- **Data items**
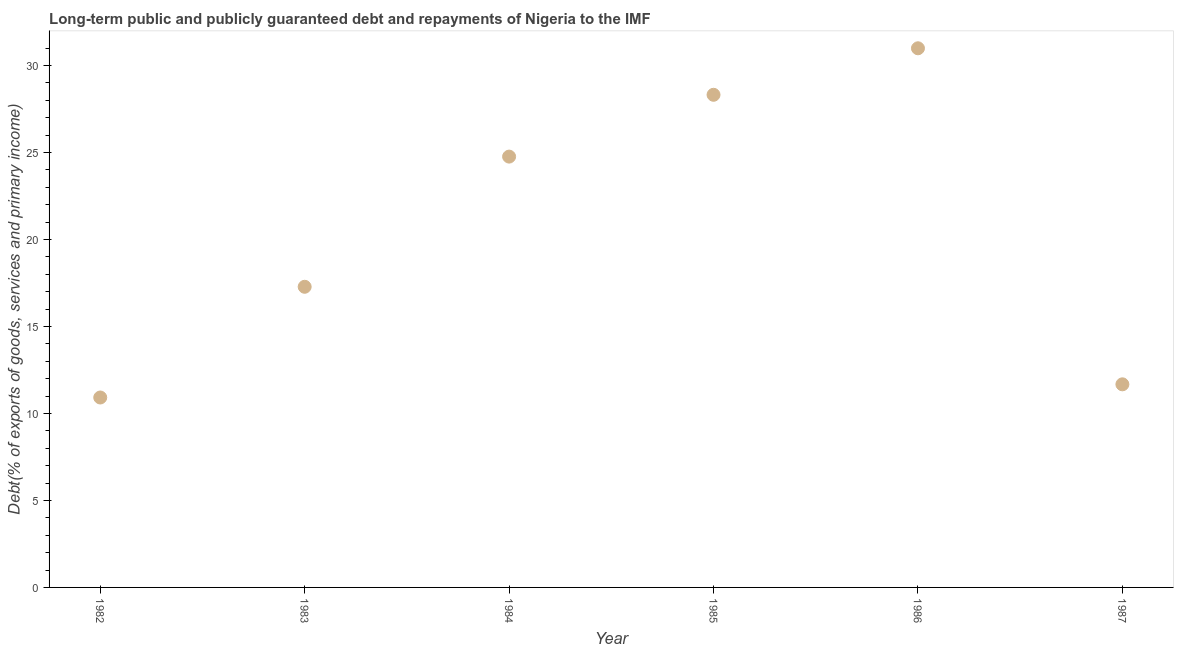What is the debt service in 1985?
Give a very brief answer. 28.32. Across all years, what is the maximum debt service?
Offer a very short reply. 30.99. Across all years, what is the minimum debt service?
Ensure brevity in your answer.  10.92. In which year was the debt service maximum?
Offer a terse response. 1986. What is the sum of the debt service?
Your answer should be very brief. 123.94. What is the difference between the debt service in 1983 and 1987?
Keep it short and to the point. 5.61. What is the average debt service per year?
Your answer should be very brief. 20.66. What is the median debt service?
Make the answer very short. 21.02. What is the ratio of the debt service in 1983 to that in 1986?
Your response must be concise. 0.56. Is the debt service in 1982 less than that in 1987?
Make the answer very short. Yes. What is the difference between the highest and the second highest debt service?
Ensure brevity in your answer.  2.67. What is the difference between the highest and the lowest debt service?
Provide a short and direct response. 20.07. Does the graph contain any zero values?
Offer a terse response. No. What is the title of the graph?
Make the answer very short. Long-term public and publicly guaranteed debt and repayments of Nigeria to the IMF. What is the label or title of the X-axis?
Provide a succinct answer. Year. What is the label or title of the Y-axis?
Ensure brevity in your answer.  Debt(% of exports of goods, services and primary income). What is the Debt(% of exports of goods, services and primary income) in 1982?
Your response must be concise. 10.92. What is the Debt(% of exports of goods, services and primary income) in 1983?
Your answer should be very brief. 17.28. What is the Debt(% of exports of goods, services and primary income) in 1984?
Make the answer very short. 24.76. What is the Debt(% of exports of goods, services and primary income) in 1985?
Your answer should be very brief. 28.32. What is the Debt(% of exports of goods, services and primary income) in 1986?
Offer a terse response. 30.99. What is the Debt(% of exports of goods, services and primary income) in 1987?
Your answer should be compact. 11.67. What is the difference between the Debt(% of exports of goods, services and primary income) in 1982 and 1983?
Your answer should be compact. -6.36. What is the difference between the Debt(% of exports of goods, services and primary income) in 1982 and 1984?
Keep it short and to the point. -13.85. What is the difference between the Debt(% of exports of goods, services and primary income) in 1982 and 1985?
Your response must be concise. -17.4. What is the difference between the Debt(% of exports of goods, services and primary income) in 1982 and 1986?
Make the answer very short. -20.07. What is the difference between the Debt(% of exports of goods, services and primary income) in 1982 and 1987?
Ensure brevity in your answer.  -0.76. What is the difference between the Debt(% of exports of goods, services and primary income) in 1983 and 1984?
Make the answer very short. -7.48. What is the difference between the Debt(% of exports of goods, services and primary income) in 1983 and 1985?
Provide a short and direct response. -11.04. What is the difference between the Debt(% of exports of goods, services and primary income) in 1983 and 1986?
Provide a succinct answer. -13.71. What is the difference between the Debt(% of exports of goods, services and primary income) in 1983 and 1987?
Provide a short and direct response. 5.61. What is the difference between the Debt(% of exports of goods, services and primary income) in 1984 and 1985?
Your response must be concise. -3.55. What is the difference between the Debt(% of exports of goods, services and primary income) in 1984 and 1986?
Your answer should be very brief. -6.23. What is the difference between the Debt(% of exports of goods, services and primary income) in 1984 and 1987?
Provide a succinct answer. 13.09. What is the difference between the Debt(% of exports of goods, services and primary income) in 1985 and 1986?
Ensure brevity in your answer.  -2.67. What is the difference between the Debt(% of exports of goods, services and primary income) in 1985 and 1987?
Ensure brevity in your answer.  16.64. What is the difference between the Debt(% of exports of goods, services and primary income) in 1986 and 1987?
Keep it short and to the point. 19.32. What is the ratio of the Debt(% of exports of goods, services and primary income) in 1982 to that in 1983?
Make the answer very short. 0.63. What is the ratio of the Debt(% of exports of goods, services and primary income) in 1982 to that in 1984?
Make the answer very short. 0.44. What is the ratio of the Debt(% of exports of goods, services and primary income) in 1982 to that in 1985?
Keep it short and to the point. 0.39. What is the ratio of the Debt(% of exports of goods, services and primary income) in 1982 to that in 1986?
Give a very brief answer. 0.35. What is the ratio of the Debt(% of exports of goods, services and primary income) in 1982 to that in 1987?
Offer a very short reply. 0.94. What is the ratio of the Debt(% of exports of goods, services and primary income) in 1983 to that in 1984?
Provide a short and direct response. 0.7. What is the ratio of the Debt(% of exports of goods, services and primary income) in 1983 to that in 1985?
Offer a terse response. 0.61. What is the ratio of the Debt(% of exports of goods, services and primary income) in 1983 to that in 1986?
Ensure brevity in your answer.  0.56. What is the ratio of the Debt(% of exports of goods, services and primary income) in 1983 to that in 1987?
Keep it short and to the point. 1.48. What is the ratio of the Debt(% of exports of goods, services and primary income) in 1984 to that in 1986?
Ensure brevity in your answer.  0.8. What is the ratio of the Debt(% of exports of goods, services and primary income) in 1984 to that in 1987?
Provide a succinct answer. 2.12. What is the ratio of the Debt(% of exports of goods, services and primary income) in 1985 to that in 1986?
Give a very brief answer. 0.91. What is the ratio of the Debt(% of exports of goods, services and primary income) in 1985 to that in 1987?
Offer a very short reply. 2.43. What is the ratio of the Debt(% of exports of goods, services and primary income) in 1986 to that in 1987?
Make the answer very short. 2.65. 
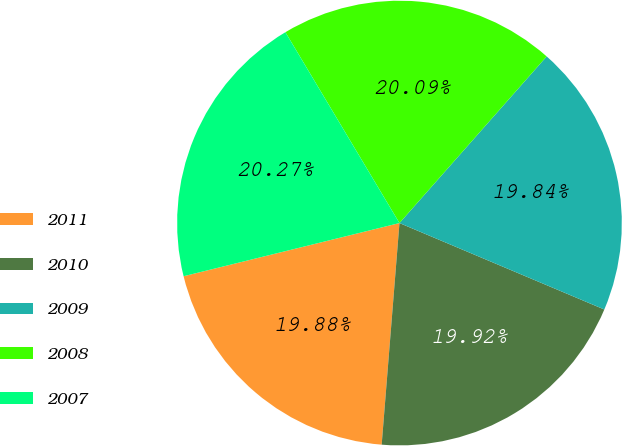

- **Task details**
Reproduce the data above line for line, excluding every picture.

- **Solution for this exercise**
What is the debt service in 1985?
Give a very brief answer. 28.32. Across all years, what is the maximum debt service?
Offer a very short reply. 30.99. Across all years, what is the minimum debt service?
Ensure brevity in your answer.  10.92. In which year was the debt service maximum?
Offer a terse response. 1986. What is the sum of the debt service?
Your answer should be very brief. 123.94. What is the difference between the debt service in 1983 and 1987?
Keep it short and to the point. 5.61. What is the average debt service per year?
Your answer should be very brief. 20.66. What is the median debt service?
Make the answer very short. 21.02. What is the ratio of the debt service in 1983 to that in 1986?
Your response must be concise. 0.56. Is the debt service in 1982 less than that in 1987?
Make the answer very short. Yes. What is the difference between the highest and the second highest debt service?
Ensure brevity in your answer.  2.67. What is the difference between the highest and the lowest debt service?
Provide a short and direct response. 20.07. Does the graph contain any zero values?
Offer a terse response. No. What is the title of the graph?
Make the answer very short. Long-term public and publicly guaranteed debt and repayments of Nigeria to the IMF. What is the label or title of the X-axis?
Provide a succinct answer. Year. What is the label or title of the Y-axis?
Ensure brevity in your answer.  Debt(% of exports of goods, services and primary income). What is the Debt(% of exports of goods, services and primary income) in 1982?
Your response must be concise. 10.92. What is the Debt(% of exports of goods, services and primary income) in 1983?
Your answer should be very brief. 17.28. What is the Debt(% of exports of goods, services and primary income) in 1984?
Make the answer very short. 24.76. What is the Debt(% of exports of goods, services and primary income) in 1985?
Your answer should be very brief. 28.32. What is the Debt(% of exports of goods, services and primary income) in 1986?
Offer a terse response. 30.99. What is the Debt(% of exports of goods, services and primary income) in 1987?
Your answer should be compact. 11.67. What is the difference between the Debt(% of exports of goods, services and primary income) in 1982 and 1983?
Your answer should be compact. -6.36. What is the difference between the Debt(% of exports of goods, services and primary income) in 1982 and 1984?
Keep it short and to the point. -13.85. What is the difference between the Debt(% of exports of goods, services and primary income) in 1982 and 1985?
Your response must be concise. -17.4. What is the difference between the Debt(% of exports of goods, services and primary income) in 1982 and 1986?
Make the answer very short. -20.07. What is the difference between the Debt(% of exports of goods, services and primary income) in 1982 and 1987?
Ensure brevity in your answer.  -0.76. What is the difference between the Debt(% of exports of goods, services and primary income) in 1983 and 1984?
Make the answer very short. -7.48. What is the difference between the Debt(% of exports of goods, services and primary income) in 1983 and 1985?
Provide a short and direct response. -11.04. What is the difference between the Debt(% of exports of goods, services and primary income) in 1983 and 1986?
Provide a succinct answer. -13.71. What is the difference between the Debt(% of exports of goods, services and primary income) in 1983 and 1987?
Provide a short and direct response. 5.61. What is the difference between the Debt(% of exports of goods, services and primary income) in 1984 and 1985?
Your response must be concise. -3.55. What is the difference between the Debt(% of exports of goods, services and primary income) in 1984 and 1986?
Your answer should be very brief. -6.23. What is the difference between the Debt(% of exports of goods, services and primary income) in 1984 and 1987?
Provide a succinct answer. 13.09. What is the difference between the Debt(% of exports of goods, services and primary income) in 1985 and 1986?
Ensure brevity in your answer.  -2.67. What is the difference between the Debt(% of exports of goods, services and primary income) in 1985 and 1987?
Ensure brevity in your answer.  16.64. What is the difference between the Debt(% of exports of goods, services and primary income) in 1986 and 1987?
Keep it short and to the point. 19.32. What is the ratio of the Debt(% of exports of goods, services and primary income) in 1982 to that in 1983?
Make the answer very short. 0.63. What is the ratio of the Debt(% of exports of goods, services and primary income) in 1982 to that in 1984?
Make the answer very short. 0.44. What is the ratio of the Debt(% of exports of goods, services and primary income) in 1982 to that in 1985?
Keep it short and to the point. 0.39. What is the ratio of the Debt(% of exports of goods, services and primary income) in 1982 to that in 1986?
Give a very brief answer. 0.35. What is the ratio of the Debt(% of exports of goods, services and primary income) in 1982 to that in 1987?
Offer a very short reply. 0.94. What is the ratio of the Debt(% of exports of goods, services and primary income) in 1983 to that in 1984?
Provide a short and direct response. 0.7. What is the ratio of the Debt(% of exports of goods, services and primary income) in 1983 to that in 1985?
Offer a terse response. 0.61. What is the ratio of the Debt(% of exports of goods, services and primary income) in 1983 to that in 1986?
Ensure brevity in your answer.  0.56. What is the ratio of the Debt(% of exports of goods, services and primary income) in 1983 to that in 1987?
Keep it short and to the point. 1.48. What is the ratio of the Debt(% of exports of goods, services and primary income) in 1984 to that in 1986?
Ensure brevity in your answer.  0.8. What is the ratio of the Debt(% of exports of goods, services and primary income) in 1984 to that in 1987?
Provide a succinct answer. 2.12. What is the ratio of the Debt(% of exports of goods, services and primary income) in 1985 to that in 1986?
Give a very brief answer. 0.91. What is the ratio of the Debt(% of exports of goods, services and primary income) in 1985 to that in 1987?
Offer a very short reply. 2.43. What is the ratio of the Debt(% of exports of goods, services and primary income) in 1986 to that in 1987?
Make the answer very short. 2.65. 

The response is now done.